- **Try it**: Exactly the lines below starting at the line with "Which 3D box in the camera's space corresponds to the box" and ending at the line with "Pixel boxes are" are wanted, with both ends included. Leave out the pictures and add no other lines.

- **Material provided**:
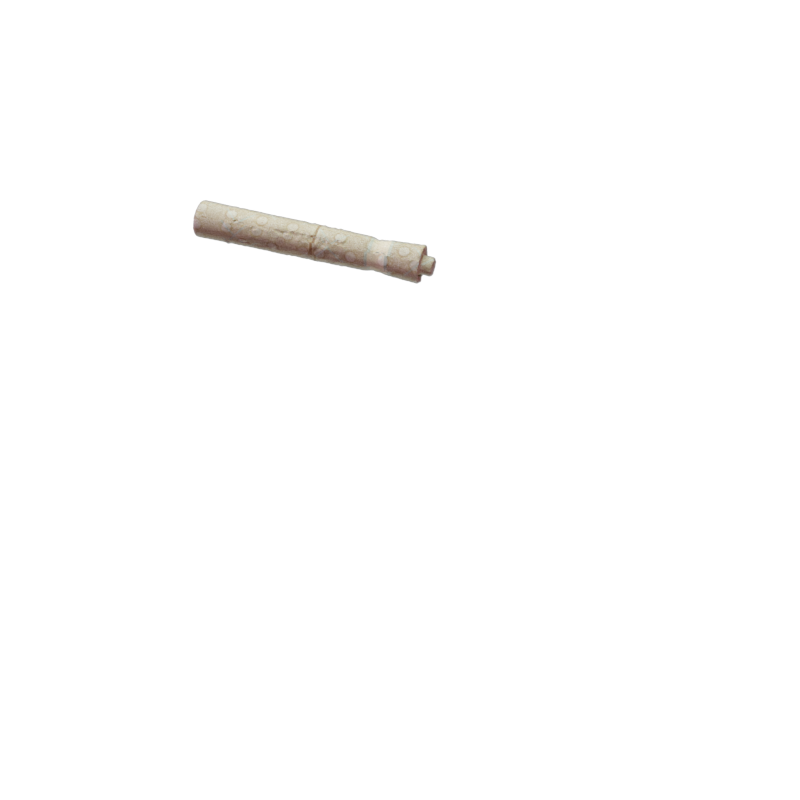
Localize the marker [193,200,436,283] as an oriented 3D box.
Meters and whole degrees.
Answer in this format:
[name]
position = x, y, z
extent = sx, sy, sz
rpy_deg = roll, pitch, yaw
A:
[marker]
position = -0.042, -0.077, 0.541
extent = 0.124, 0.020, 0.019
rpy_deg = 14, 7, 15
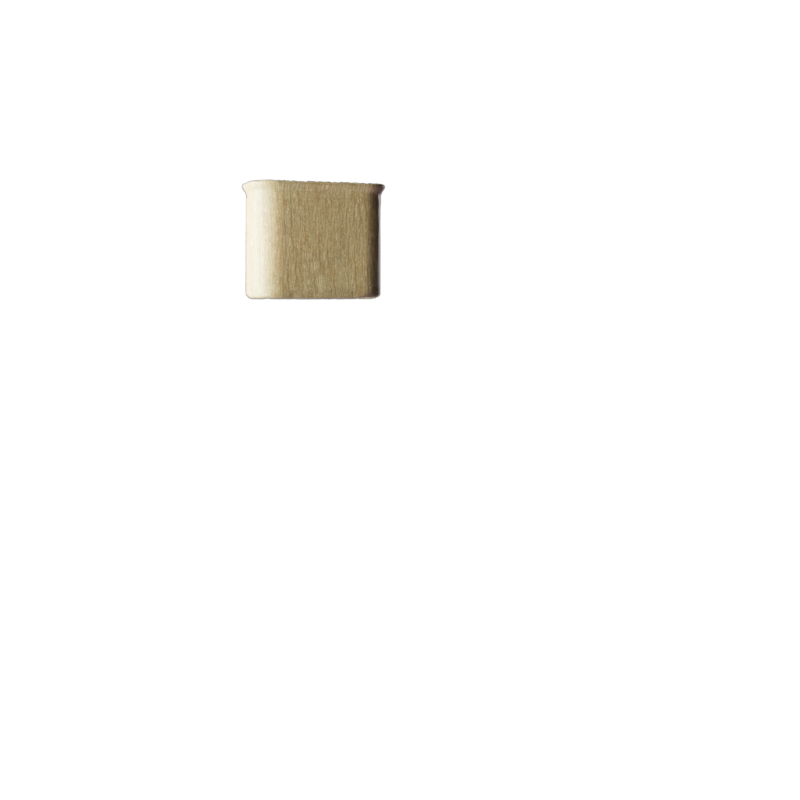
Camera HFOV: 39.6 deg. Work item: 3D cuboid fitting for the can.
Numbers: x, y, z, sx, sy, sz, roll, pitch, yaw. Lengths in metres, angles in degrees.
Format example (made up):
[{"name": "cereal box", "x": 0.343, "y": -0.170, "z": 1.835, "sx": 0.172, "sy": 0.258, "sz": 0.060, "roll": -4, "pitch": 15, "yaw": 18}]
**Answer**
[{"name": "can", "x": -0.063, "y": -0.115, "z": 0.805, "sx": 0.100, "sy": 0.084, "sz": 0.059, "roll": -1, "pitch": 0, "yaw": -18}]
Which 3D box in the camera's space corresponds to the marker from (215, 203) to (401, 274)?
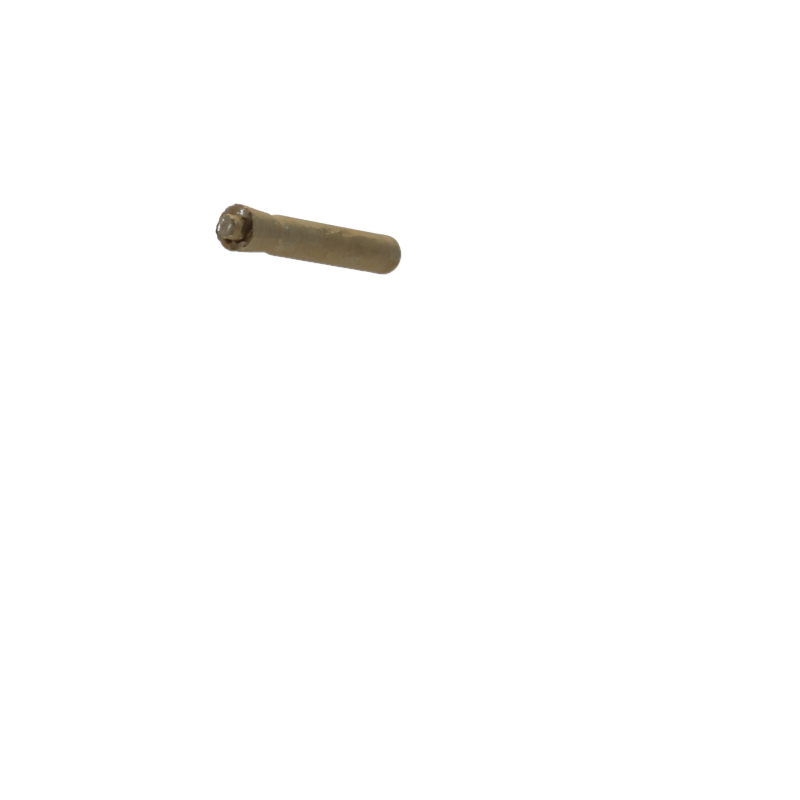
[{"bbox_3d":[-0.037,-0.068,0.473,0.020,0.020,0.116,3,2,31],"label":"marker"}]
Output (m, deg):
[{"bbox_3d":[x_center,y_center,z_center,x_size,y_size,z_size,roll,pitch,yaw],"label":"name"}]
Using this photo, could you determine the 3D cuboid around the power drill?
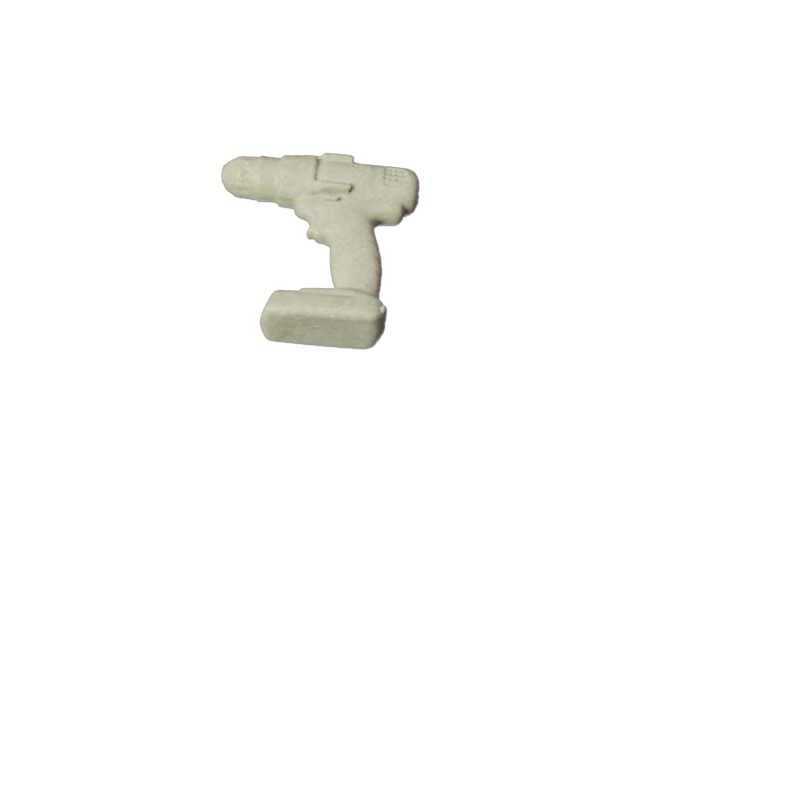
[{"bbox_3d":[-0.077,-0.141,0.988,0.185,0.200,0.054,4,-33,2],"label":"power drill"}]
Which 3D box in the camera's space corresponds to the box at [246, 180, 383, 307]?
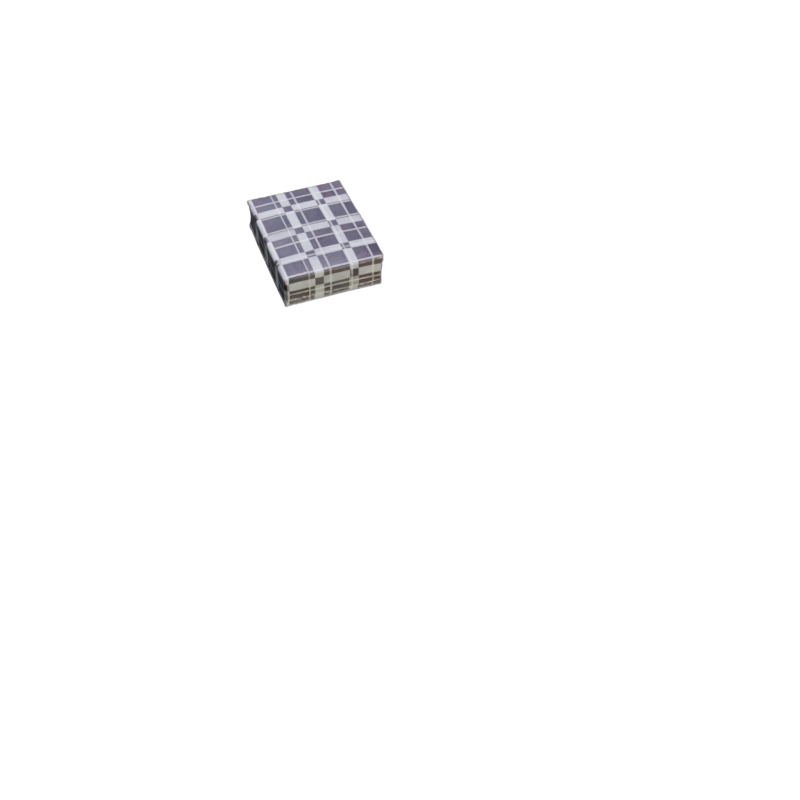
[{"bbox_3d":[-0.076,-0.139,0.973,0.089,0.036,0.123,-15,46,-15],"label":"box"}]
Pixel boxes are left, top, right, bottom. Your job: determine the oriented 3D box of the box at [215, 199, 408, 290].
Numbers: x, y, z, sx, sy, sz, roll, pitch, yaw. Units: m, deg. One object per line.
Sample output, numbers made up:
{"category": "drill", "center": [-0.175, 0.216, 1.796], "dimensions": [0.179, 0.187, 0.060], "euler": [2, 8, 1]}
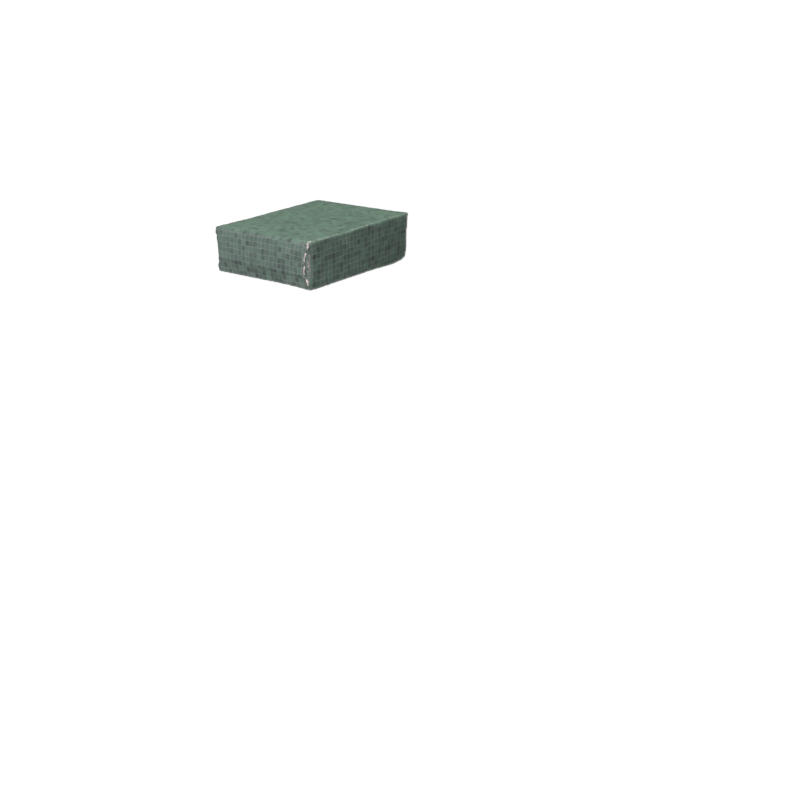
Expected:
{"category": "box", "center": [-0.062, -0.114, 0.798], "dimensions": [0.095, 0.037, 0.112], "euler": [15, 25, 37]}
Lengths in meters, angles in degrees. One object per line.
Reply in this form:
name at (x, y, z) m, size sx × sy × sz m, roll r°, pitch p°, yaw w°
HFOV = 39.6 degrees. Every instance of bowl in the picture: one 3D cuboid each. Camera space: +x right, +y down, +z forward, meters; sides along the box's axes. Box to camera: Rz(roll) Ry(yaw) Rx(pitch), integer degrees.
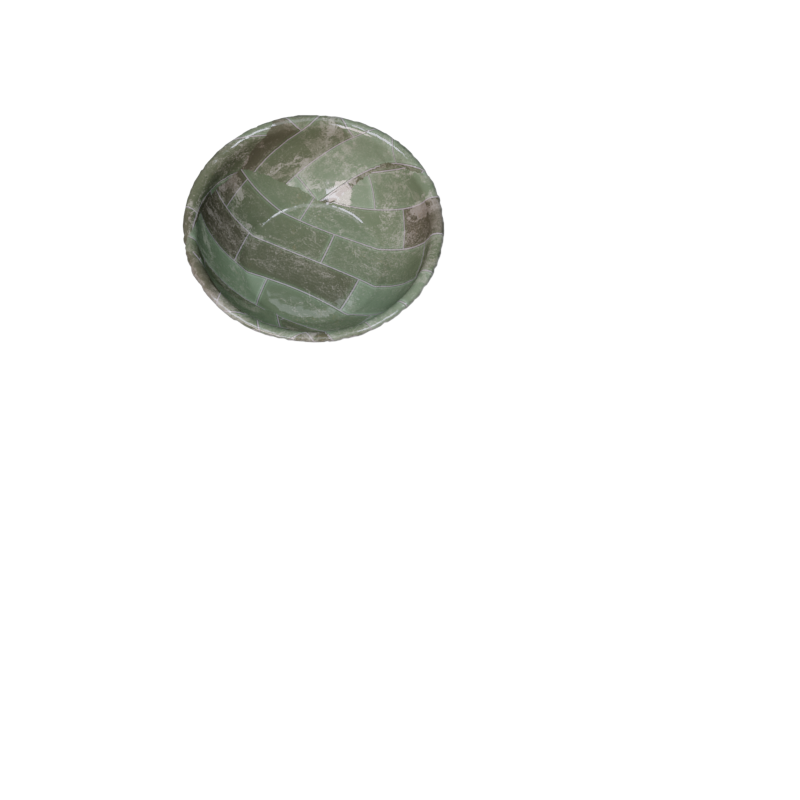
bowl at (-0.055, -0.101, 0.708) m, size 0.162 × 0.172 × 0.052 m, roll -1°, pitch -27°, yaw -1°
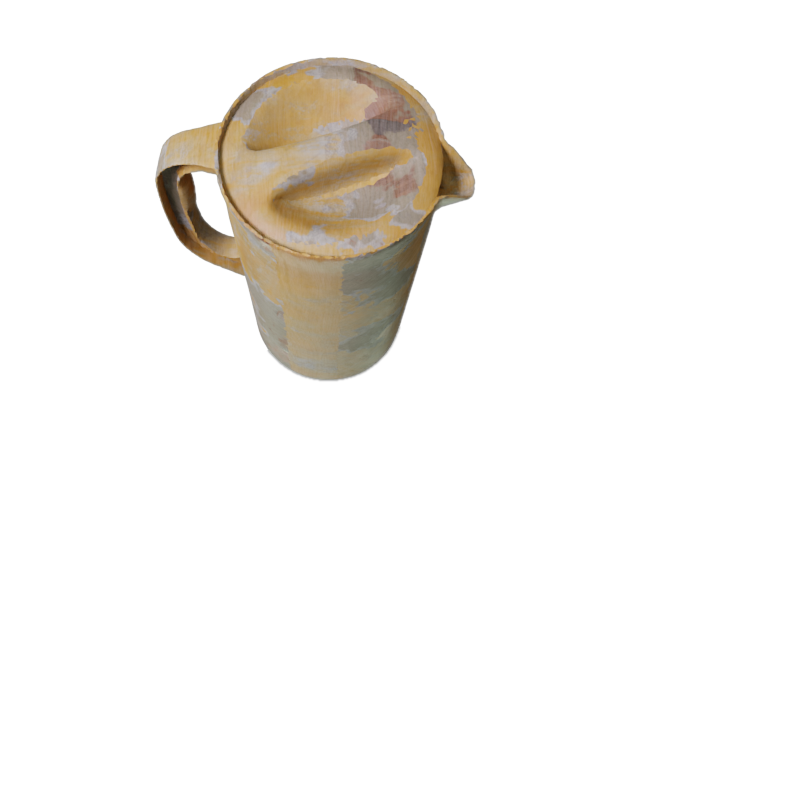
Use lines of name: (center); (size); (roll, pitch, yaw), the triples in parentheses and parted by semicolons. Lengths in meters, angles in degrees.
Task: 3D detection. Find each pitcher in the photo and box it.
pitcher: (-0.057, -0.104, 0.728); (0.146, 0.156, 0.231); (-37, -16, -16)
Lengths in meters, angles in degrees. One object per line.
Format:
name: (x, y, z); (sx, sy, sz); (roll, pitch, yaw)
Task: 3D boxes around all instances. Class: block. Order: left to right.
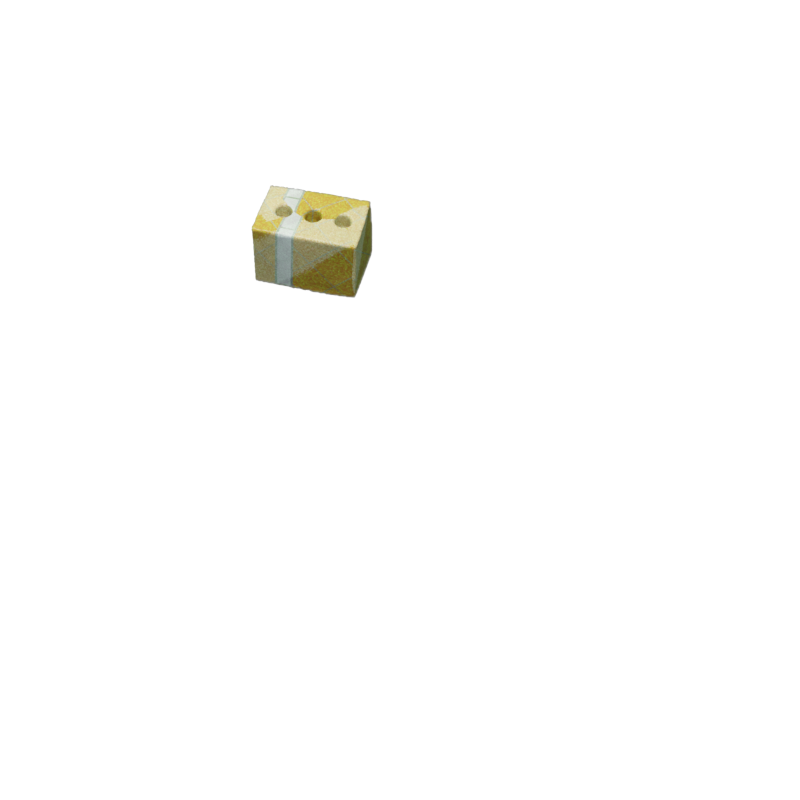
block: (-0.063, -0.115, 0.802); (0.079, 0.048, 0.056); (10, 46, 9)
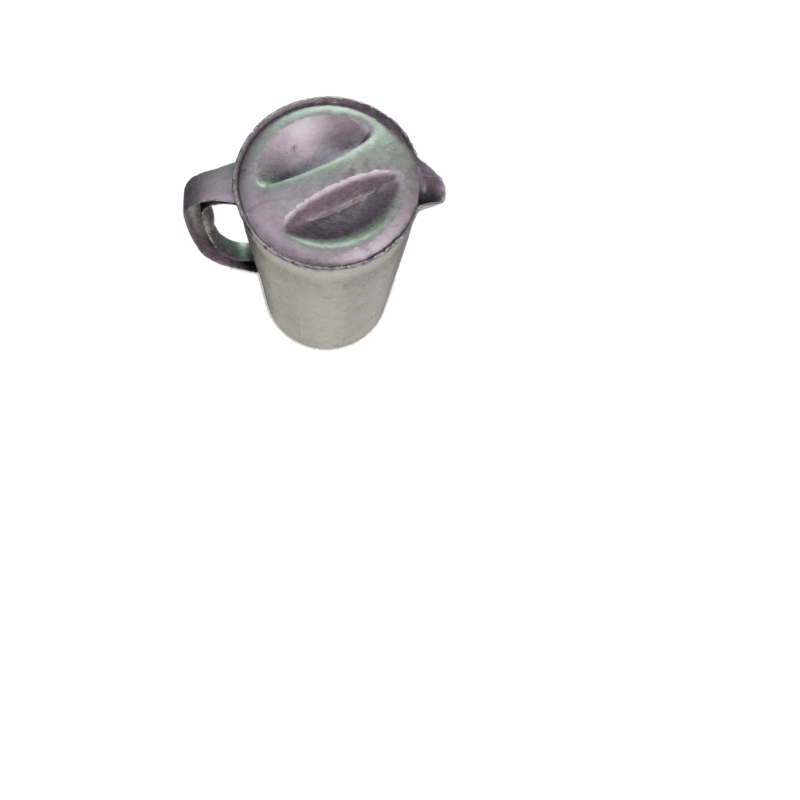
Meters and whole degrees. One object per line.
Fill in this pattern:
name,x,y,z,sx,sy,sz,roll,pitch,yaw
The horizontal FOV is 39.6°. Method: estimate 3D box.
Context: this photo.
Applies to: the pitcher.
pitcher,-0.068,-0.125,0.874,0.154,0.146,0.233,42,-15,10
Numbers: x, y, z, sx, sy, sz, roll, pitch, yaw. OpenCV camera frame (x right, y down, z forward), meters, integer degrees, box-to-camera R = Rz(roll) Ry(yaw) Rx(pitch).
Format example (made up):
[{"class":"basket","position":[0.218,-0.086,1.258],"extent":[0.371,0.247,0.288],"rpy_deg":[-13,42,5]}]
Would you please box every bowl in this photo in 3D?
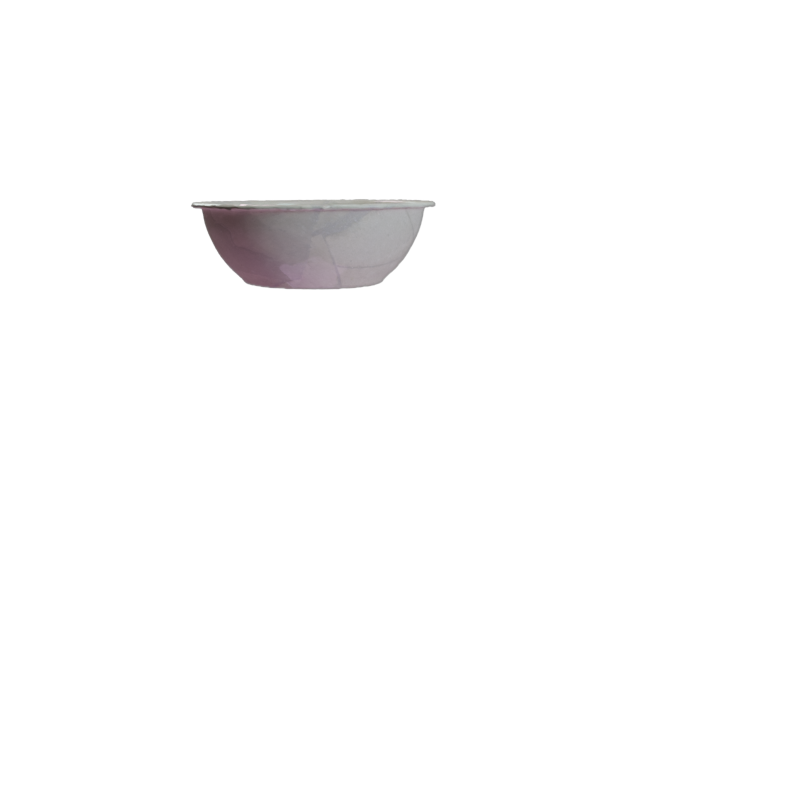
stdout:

- **Answer to the problem**:
Which 3D box in the camera's space corresponds to the box at [246, 180, 383, 307]?
[{"bbox_3d":[-0.076,-0.139,0.973,0.089,0.036,0.123,-15,46,-15],"label":"box"}]
Pixel boxes are left, top, right, bottom. Your job: determine the oriented 3D box of the box at [215, 199, 408, 290].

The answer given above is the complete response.